*** Opening EXERCISE INPUTS ***
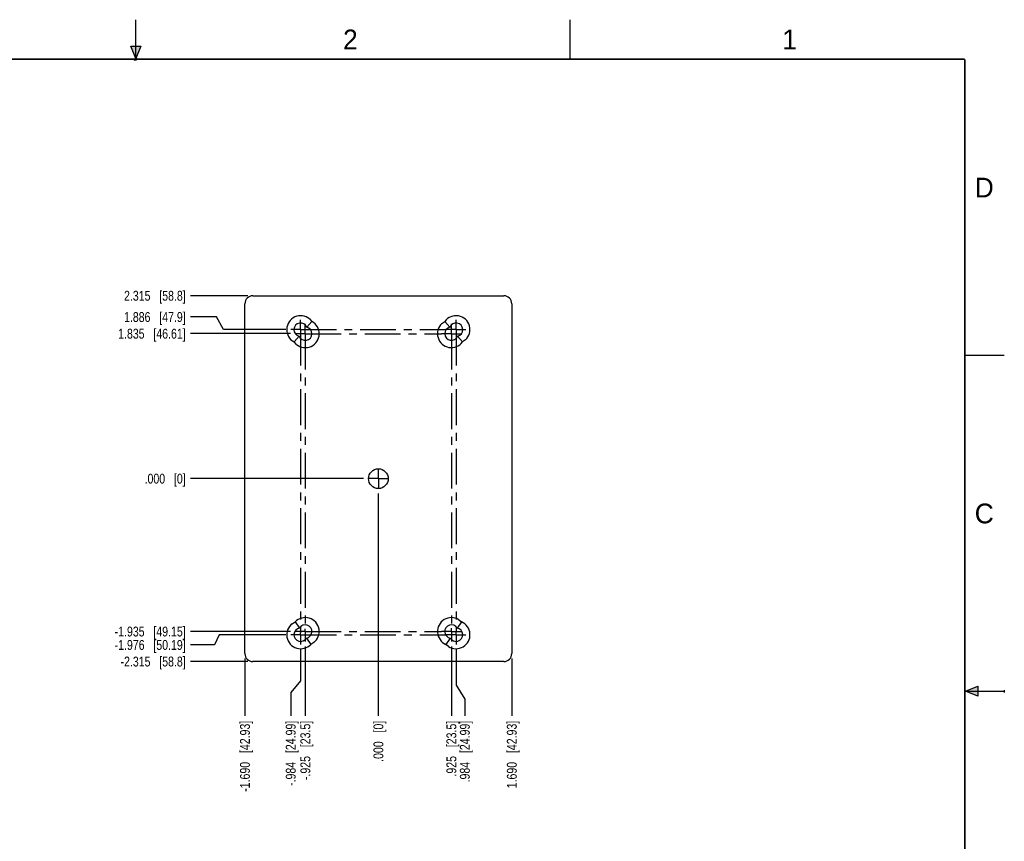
# Model space of a CAD drawing. Header units: inches. Extents: x 0 to 22, y 0 to 17.
# Tile 9 of 9: x 9.5 to 22, y 6.6 to 17. Entities that reach past the tile are written whole.
import ezdxf

# ---------------------------------------------------------------- set-up
doc = ezdxf.new("R2010")
doc.units = ezdxf.units.IN
doc.header["$LTSCALE"] = 1.21
doc.header["$MEASUREMENT"] = 0
doc.linetypes.add('CENTER', pattern=[0.6, 0.375, -0.075, 0.075, -0.075])
doc.layers.get('0').update_dxf_attribs({"linetype": 'CONTINUOUS'})
doc.layers.add('DEFAULT_1', color=7, linetype='CENTER')
doc.layers.add('DIMENSIONS', color=7, linetype='CONTINUOUS')
doc.styles.get("Standard").update_dxf_attribs({"font": 'txt', "width": 0.8})
doc.styles.add('TEXTSTYLE_2', font='txt')
doc.dimstyles.new('DIMSTYLE_2', dxfattribs={"dimtxt": 0.125, "dimasz": 0.18, "dimexe": 0.18, "dimexo": 0.0625, "dimgap": 0.09, "dimtad": 0, "dimtih": 1, "dimtoh": 1, "dimdec": 3, "dimzin": 4, "dimdsep": 46, "dimtxsty": 'STANDARD', "dimblk": '_FILLED', "dimblk1": '_FILLED', "dimblk2": '_FILLED', "dimcen": 0.09, "dimadec": 0, "dimazin": 0, "dimtp": 0.01, "dimtm": 0.01, "dimtfac": 1, "dimtdec": 3, "dimtofl": 0, "dimtmove": 0, "dimatfit": 3, "dimldrblk": '_FILLED', "dimfxl": 1, "dimtolj": 1, "dimtzin": 4, "dimarcsym": 0})

# ---------------------------------------------------------------- blocks, each defined once
blk = doc.blocks.new('*D11')
at = {"layer": 'DIMENSIONS', "color": 2, "linetype": 'CONTINUOUS'}
blk.add_line((15.762, 8.913), (15.762, 8.188), dxfattribs=at)
at = {"layer": 'DIMENSIONS', "color": 2, "linetype": 'CONTINUOUS', "insert": (15.7, 8.126), "char_height": 0.125, "width": 1.325, "attachment_point": 3, "rotation": 90, "line_spacing_factor": 0.9}
blk.add_mtext('1.690{\\Ftxt.shx;\\W1.000000;\\H0.125000; }[42.93]', dxfattribs=at)
blk = doc.blocks.new('_FILLED')
at = {"color": 0, "linetype": 'BYBLOCK'}
blk.add_solid([(0, 0), (-1, 0.174), (-1, -0.174)], dxfattribs=at)
blk = doc.blocks.new('*D12')
at = {"layer": 'DIMENSIONS', "color": 2, "linetype": 'CONTINUOUS'}
blk.add_line((14.072, 11.003), (14.072, 8.188), dxfattribs=at)
at = {"layer": 'DIMENSIONS', "color": 2, "linetype": 'CONTINUOUS', "insert": (14.01, 8.126), "char_height": 0.125, "width": 0.825, "attachment_point": 3, "rotation": 90, "line_spacing_factor": 0.9}
blk.add_mtext('.000{\\Ftxt.shx;\\W1.000000;\\H0.125000; }[0]', dxfattribs=at)
blk = doc.blocks.new('*D13')
at = {"layer": 'DIMENSIONS', "color": 2, "linetype": 'CONTINUOUS'}
blk.add_line((12.42, 13.506), (11.695, 13.506), dxfattribs=at)
at = {"layer": 'DIMENSIONS', "color": 2, "linetype": 'CONTINUOUS', "insert": (11.632, 13.568), "char_height": 0.125, "width": 1.225, "attachment_point": 3, "line_spacing_factor": 0.9}
blk.add_mtext('2.315{\\Ftxt.shx;\\W1.000000;\\H0.125000; }[58.8]', dxfattribs=at)
blk = doc.blocks.new('*D14')
at = {"layer": 'DIMENSIONS', "color": 2, "linetype": 'CONTINUOUS'}
blk.add_line((13.885, 11.191), (11.695, 11.191), dxfattribs=at)
at = {"layer": 'DIMENSIONS', "color": 2, "linetype": 'CONTINUOUS', "insert": (11.632, 11.253), "char_height": 0.125, "width": 0.825, "attachment_point": 3, "line_spacing_factor": 0.9}
blk.add_mtext('.000{\\Ftxt.shx;\\W1.000000;\\H0.125000; }[0]', dxfattribs=at)
blk = doc.blocks.new('*D15')
at = {"layer": 'DIMENSIONS', "color": 2, "linetype": 'CONTINUOUS'}
blk.add_line((12.42, 8.876), (11.695, 8.876), dxfattribs=at)
at = {"layer": 'DIMENSIONS', "color": 2, "linetype": 'CONTINUOUS', "insert": (11.632, 8.938), "char_height": 0.125, "width": 1.325, "attachment_point": 3, "line_spacing_factor": 0.9}
blk.add_mtext('-2.315{\\Ftxt.shx;\\W1.000000;\\H0.125000; }[58.8]', dxfattribs=at)
blk = doc.blocks.new('*D16')
at = {"layer": 'DIMENSIONS', "color": 2, "linetype": 'CONTINUOUS'}
for p, q in [((12.058, 9.215), (11.997, 9.085)), ((12.901, 9.215), (12.058, 9.215)), ((11.997, 9.085), (11.695, 9.085))]:
    blk.add_line(p, q, dxfattribs=at)
at = {"layer": 'DIMENSIONS', "color": 2, "linetype": 'CONTINUOUS', "insert": (11.632, 9.148), "char_height": 0.125, "width": 1.425, "attachment_point": 3, "line_spacing_factor": 0.9}
blk.add_mtext('-1.976{\\Ftxt.shx;\\W1.000000;\\H0.125000; }[50.19]', dxfattribs=at)
blk = doc.blocks.new('*D17')
at = {"layer": 'DIMENSIONS', "color": 2, "linetype": 'CONTINUOUS'}
blk.add_line((12.96, 9.256), (11.695, 9.256), dxfattribs=at)
at = {"layer": 'DIMENSIONS', "color": 2, "linetype": 'CONTINUOUS', "insert": (11.632, 9.318), "char_height": 0.125, "width": 1.425, "attachment_point": 3, "line_spacing_factor": 0.9}
blk.add_mtext('-1.935{\\Ftxt.shx;\\W1.000000;\\H0.125000; }[49.15]', dxfattribs=at)
blk = doc.blocks.new('*D18')
at = {"layer": 'DIMENSIONS', "color": 2, "linetype": 'CONTINUOUS'}
blk.add_line((12.96, 13.026), (11.695, 13.026), dxfattribs=at)
at = {"layer": 'DIMENSIONS', "color": 2, "linetype": 'CONTINUOUS', "insert": (11.632, 13.088), "char_height": 0.125, "width": 1.325, "attachment_point": 3, "line_spacing_factor": 0.9}
blk.add_mtext('1.835{\\Ftxt.shx;\\W1.000000;\\H0.125000; }[46.61]', dxfattribs=at)
blk = doc.blocks.new('*D19')
at = {"layer": 'DIMENSIONS', "color": 2, "linetype": 'CONTINUOUS'}
for p, q in [((12.024, 13.237), (11.695, 13.237)), ((12.11, 13.077), (12.024, 13.237)), ((12.901, 13.077), (12.11, 13.077))]:
    blk.add_line(p, q, dxfattribs=at)
at = {"layer": 'DIMENSIONS', "color": 2, "linetype": 'CONTINUOUS', "insert": (11.632, 13.299), "char_height": 0.125, "width": 1.225, "attachment_point": 3, "line_spacing_factor": 0.9}
blk.add_mtext('1.886{\\Ftxt.shx;\\W1.000000;\\H0.125000; }[47.9]', dxfattribs=at)
blk = doc.blocks.new('*D20')
at = {"layer": 'DIMENSIONS', "color": 2, "linetype": 'CONTINUOUS'}
blk.add_line((14.997, 9.068), (14.997, 8.188), dxfattribs=at)
at = {"layer": 'DIMENSIONS', "color": 2, "linetype": 'CONTINUOUS', "insert": (14.935, 8.126), "char_height": 0.125, "width": 1.125, "attachment_point": 3, "rotation": 90, "line_spacing_factor": 0.9}
blk.add_mtext('.925{\\Ftxt.shx;\\W1.000000;\\H0.125000; }[23.5]', dxfattribs=at)
blk = doc.blocks.new('*D21')
at = {"layer": 'DIMENSIONS', "color": 2, "linetype": 'CONTINUOUS'}
for p, q in [((15.056, 9.027), (15.056, 8.577)), ((15.056, 8.577), (15.167, 8.401)), ((15.167, 8.401), (15.167, 8.188))]:
    blk.add_line(p, q, dxfattribs=at)
at = {"layer": 'DIMENSIONS', "color": 2, "linetype": 'CONTINUOUS', "insert": (15.105, 8.126), "char_height": 0.125, "width": 1.225, "attachment_point": 3, "rotation": 90, "line_spacing_factor": 0.9}
blk.add_mtext('.984{\\Ftxt.shx;\\W1.000000;\\H0.125000; }[24.99]', dxfattribs=at)
blk = doc.blocks.new('*D22')
at = {"layer": 'DIMENSIONS', "color": 2, "linetype": 'CONTINUOUS'}
blk.add_line((13.147, 9.068), (13.147, 8.188), dxfattribs=at)
at = {"layer": 'DIMENSIONS', "color": 2, "linetype": 'CONTINUOUS', "insert": (13.085, 8.126), "char_height": 0.125, "width": 1.225, "attachment_point": 3, "rotation": 90, "line_spacing_factor": 0.9}
blk.add_mtext('-.925{\\Ftxt.shx;\\W1.000000;\\H0.125000; }[23.5]', dxfattribs=at)
blk = doc.blocks.new('*D23')
at = {"layer": 'DIMENSIONS', "color": 2, "linetype": 'CONTINUOUS'}
for p, q in [((13.088, 9.027), (13.088, 8.633)), ((13.088, 8.633), (12.962, 8.485)), ((12.962, 8.485), (12.962, 8.188))]:
    blk.add_line(p, q, dxfattribs=at)
at = {"layer": 'DIMENSIONS', "color": 2, "linetype": 'CONTINUOUS', "insert": (12.9, 8.126), "char_height": 0.125, "width": 1.325, "attachment_point": 3, "rotation": 90, "line_spacing_factor": 0.9}
blk.add_mtext('-.984{\\Ftxt.shx;\\W1.000000;\\H0.125000; }[24.99]', dxfattribs=at)
blk = doc.blocks.new('*D24')
at = {"layer": 'DIMENSIONS', "color": 2, "linetype": 'CONTINUOUS'}
blk.add_line((12.382, 8.913), (12.382, 8.188), dxfattribs=at)
at = {"layer": 'DIMENSIONS', "color": 2, "linetype": 'CONTINUOUS', "insert": (12.32, 8.126), "char_height": 0.125, "width": 1.425, "attachment_point": 3, "rotation": 90, "line_spacing_factor": 0.9}
blk.add_mtext('-1.690{\\Ftxt.shx;\\W1.000000;\\H0.125000; }[42.93]', dxfattribs=at)

msp = doc.modelspace()

# ---------------------------------------------------------------- hatches: boundary and pattern name
at = {"linetype": 'CONTINUOUS'}
for points in [[(11, 16.51), (10.9375, 16.6663), (11.0625, 16.6663)], [(21.6663, 8.5625), (21.6663, 8.4375), (21.51, 8.5)]]:
    msp.add_hatch(color=2, dxfattribs=at).paths.add_polyline_path(points)

# ---------------------------------------------------------------- linework, layer by layer
at = {"color": 2, "linetype": 'CONTINUOUS'}
for p, q in [((11, 16.485), (11, 17)), ((16.5, 16.5), (16.5, 17)), ((11, 16.51), (10.9375, 16.6663)), ((10.9375, 16.6663), (11.0625, 16.6663)), ((11.0625, 16.6663), (11, 16.51)), ((11.015, 16.515), (10.985, 16.485)), ((10.985, 16.485), (11, 16.515)), ((11, 16.485), (11.015, 16.515)), ((22, 12.75), (21.5, 12.75)), ((21.51, 8.5), (21.6663, 8.5625)), ((21.51, 8.5), (22, 8.5)), ((21.6663, 8.4375), (21.51, 8.5)), ((21.6663, 8.5625), (21.6663, 8.4375)), ((22, 8.515), (22, 8.485))]:
    msp.add_line(p, q, dxfattribs=at)
at = {"color": 7, "linetype": 'CONTINUOUS'}
for p, q in [((12.4822, 13.5055), (15.6622, 13.5055)), ((12.3822, 8.9755), (12.3822, 13.4055)), ((15.7622, 13.4055), (15.7622, 8.9755)), ((13.2303, 13.1813), (13.1667, 13.1078)), ((13.1995, 13.2135), (13.2303, 13.1813)), ((14.8778, 13.1555), (14.9141, 13.1813)), ((14.9141, 13.1813), (14.9777, 13.1078)), ((13.0687, 12.9943), (13.0051, 12.9208)), ((15.0757, 12.9943), (15.1393, 12.9208)), ((13.0359, 12.8886), (13.0051, 12.9208)), ((15.1757, 12.9466), (15.1393, 12.9208)), ((12.981, 9.3548), (13.0191, 9.377)), ((13.0191, 9.377), (13.0741, 9.2979)), ((15.1253, 9.377), (15.0704, 9.2979)), ((15.0913, 9.4049), (15.1253, 9.377)), ((13.1614, 9.1722), (13.2163, 9.0931)), ((13.2544, 9.1153), (13.2163, 9.0931)), ((14.9831, 9.1722), (14.9281, 9.0931)), ((14.9622, 9.0652), (14.9281, 9.0931)), ((15.6622, 8.8755), (12.4822, 8.8755))]:
    msp.add_line(p, q, dxfattribs=at)
at = {"color": 7, "linetype": 'CONTINUOUS', "const_width": 0.02}
for points in [[(21.5, 16.5), (0.5, 16.5)], [(21.5, 0.5), (21.5, 16.5)]]:
    msp.add_lwpolyline(points, dxfattribs=at)
at = {"color": 7, "linetype": 'CONTINUOUS'}
msp.add_circle((14.0722, 11.1905), 0.125, dxfattribs=at)
for centre, radius, start, end in [((12.4822, 13.4055), 0.1, 90, 180), ((15.6622, 13.4055), 0.1, 0, 90), ((13.0882, 13.0765), 0.1765, 50.9073, 241.92312), ((15.0562, 13.0765), 0.1765, 312.58813, 143.60383), ((13.0882, 13.0765), 0.0845, 21.67812, 256.64117), ((13.1472, 13.0255), 0.1765, 230.9073, 61.92312), ((13.1472, 13.0255), 0.0845, 201.67812, 76.64117), ((14.9972, 13.0255), 0.1765, 132.58813, 323.60383), ((14.9972, 13.0255), 0.0845, 103.35883, 338.32188), ((15.0562, 13.0765), 0.0845, 283.35883, 158.32188), ((13.0882, 9.2145), 0.1765, 127.38849, 316.53965), ((13.1472, 9.2555), 0.1765, 307.38849, 136.53965), ((14.9972, 9.2555), 0.1765, 57.79638, 246.94759), ((15.0562, 9.2145), 0.1765, 237.79638, 66.94759), ((13.0882, 9.2145), 0.0845, 99.6371, 329.95495), ((13.1472, 9.2555), 0.0845, 279.6371, 149.95495), ((14.9972, 9.2555), 0.0845, 30.04505, 260.3629), ((15.0562, 9.2145), 0.0845, 210.04505, 80.3629), ((12.4822, 8.9755), 0.1, 180, 270), ((15.6622, 8.9755), 0.1, 270, 360)]:
    msp.add_arc(centre, radius, start, end, dxfattribs=at)
at = {"layer": 'DEFAULT_1', "color": 7, "linetype": 'CENTER'}
for p, q in [((13.0882, 13.0765), (13.0882, 13.2016)), ((13.1472, 13.0255), (13.1472, 13.1506)), ((14.9972, 13.0255), (14.9972, 13.1506)), ((15.0562, 13.0765), (15.0562, 13.2016)), ((13.0882, 13.0765), (12.9631, 13.0765)), ((13.1472, 13.0255), (13.0221, 13.0255)), ((13.0882, 13.0765), (13.0882, 9.2375)), ((13.0882, 13.0765), (14.9311, 13.0765)), ((13.1472, 13.0255), (13.1472, 9.2916)), ((13.1472, 13.0255), (14.8721, 13.0255)), ((14.9972, 13.0255), (14.8721, 13.0255)), ((15.0562, 13.0765), (14.9311, 13.0765)), ((14.9972, 13.0255), (14.9972, 9.2966)), ((14.9972, 13.0255), (15.1223, 13.0255)), ((15.0562, 13.0765), (15.0562, 9.261)), ((15.0562, 13.0765), (15.1813, 13.0765)), ((14.0722, 11.1905), (14.0722, 11.3156)), ((14.0722, 11.1905), (13.9471, 11.1905)), ((14.0722, 11.1905), (14.0722, 11.0654)), ((14.0722, 11.1905), (14.1973, 11.1905)), ((13.1472, 9.2555), (13.0221, 9.2555)), ((13.0882, 9.2145), (13.0882, 9.2375)), ((13.1472, 9.2555), (13.1472, 9.2916)), ((13.1472, 9.2555), (14.8721, 9.2555)), ((13.1472, 9.2555), (13.1472, 9.1304)), ((14.9972, 9.2555), (14.8721, 9.2555)), ((14.9972, 9.2555), (14.9972, 9.2966)), ((14.9972, 9.2555), (15.1223, 9.2555)), ((14.9972, 9.2555), (14.9972, 9.1304)), ((15.0562, 9.2145), (15.0562, 9.261)), ((13.0882, 9.2145), (12.9631, 9.2145)), ((13.0882, 9.2145), (14.9311, 9.2145)), ((13.0882, 9.2145), (13.0882, 9.0894)), ((15.0562, 9.2145), (14.9311, 9.2145)), ((15.0562, 9.2145), (15.1813, 9.2145)), ((15.0562, 9.2145), (15.0562, 9.0894))]:
    msp.add_line(p, q, dxfattribs=at)

# ---------------------------------------------------------------- texts
at = {"color": 2, "linetype": 'CONTINUOUS', "char_height": 0.25, "width": 0.25, "attachment_point": 1, "line_spacing_factor": 0.9, "style": 'TEXTSTYLE_2'}
for s, insert in [('2', (13.625, 16.875)), ('1', (19.1875, 16.875)), ('D', (21.625, 15)), ('C', (21.625, 10.875))]:
    msp.add_mtext(s, dxfattribs=dict(at, insert=insert))

# ---------------------------------------------------------------- dimensions: what is measured, and where the dimension line sits
at = {"layer": 'DIMENSIONS', "color": 2, "linetype": 'CONTINUOUS'}
for feature_location, offset, dtype, origin, picture, middle in [((12.4197, 13.5055), (-0.725, 0), 0, (13.9471, 11.1905), '*D13', (10.7197, 13.5055)), ((12.9006, 13.0765), (-1.2059, 0.1603), 0, (12.9631, 11.1905), '*D19', (10.7197, 13.2368)), ((12.9596, 13.0255), (-1.2649, 0), 0, (13.0221, 11.1905), '*D18', (10.6697, 13.0255)), ((13.8846178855, 11.190545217), (-2.1899, 0), 0, (13.9471178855, 11.190545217), '*D14', (10.9697178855, 11.190545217)), ((14.0722178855, 11.002945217), (0, -2.8149), 1, (14.0722178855, 11.065445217), '*D12', (14.1842362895, 7.4895460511)), ((15.7622, 8.913), (0, -0.725), 1, (14.0722, 11.0654), '*D11', (15.8966, 7.1948)), ((14.9972, 9.0679), (0, -0.8799), 1, (14.0722, 9.1304), '*D20', (15.1092, 7.3395)), ((15.0562178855, 9.026945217), (0.1111140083, -0.8389), 0, (14.0722178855, 9.089445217), '*D21', (15.3017539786, 7.2895460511))]:
    dim = msp.add_ordinate_dim(feature_location=feature_location, offset=offset, dtype=dtype, origin=origin, dimstyle='DIMSTYLE_2', dxfattribs=at)
    dim.commit()
    dim.dimension.update_dxf_attribs({"geometry": picture, "text_midpoint": middle})
for feature_location, offset, dtype, origin, picture, middle in [((12.9006, 9.2145), (-1.2059, -0.1293), 0, (12.9631, 11.1905), '*D16', (10.6697, 9.0852)), ((12.9596, 9.2555), (-1.2649, 0), 0, (13.0221, 11.1905), '*D17', (10.6697, 9.2555)), ((12.4197, 8.8755), (-0.725, 0), 0, (12.4822, 11.1905), '*D15', (10.7197, 8.8755)), ((13.1472, 9.0679), (0, -0.8799), 1, (14.0722, 9.1304), '*D22', (13.2592, 7.3395)), ((13.0882178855, 9.026945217), (-0.1259189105, -0.8389), 0, (14.0722178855, 9.089445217), '*D23', (13.0967210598, 7.2895460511)), ((12.3822, 8.913), (0, -0.725), 1, (14.0722, 8.9755), '*D24', (12.5166, 7.1948))]:
    dim = msp.add_ordinate_dim(feature_location=feature_location, offset=offset, dtype=dtype, origin=origin, text='-<>', dimstyle='DIMSTYLE_2', dxfattribs=at)
    dim.commit()
    dim.dimension.update_dxf_attribs({"geometry": picture, "text_midpoint": middle})

doc.saveas('drawing.dxf')
*** Closing EXERCISE INPUTS ***
## [ABOUT THIS EXERCISE]
Pick out the lines above containing the word "pattern", then copy them.

## [EXERCISE RESULT]
doc.linetypes.add('CENTER', pattern=[0.6, 0.375, -0.075, 0.075, -0.075])
# ---------------------------------------------------------------- hatches: boundary and pattern name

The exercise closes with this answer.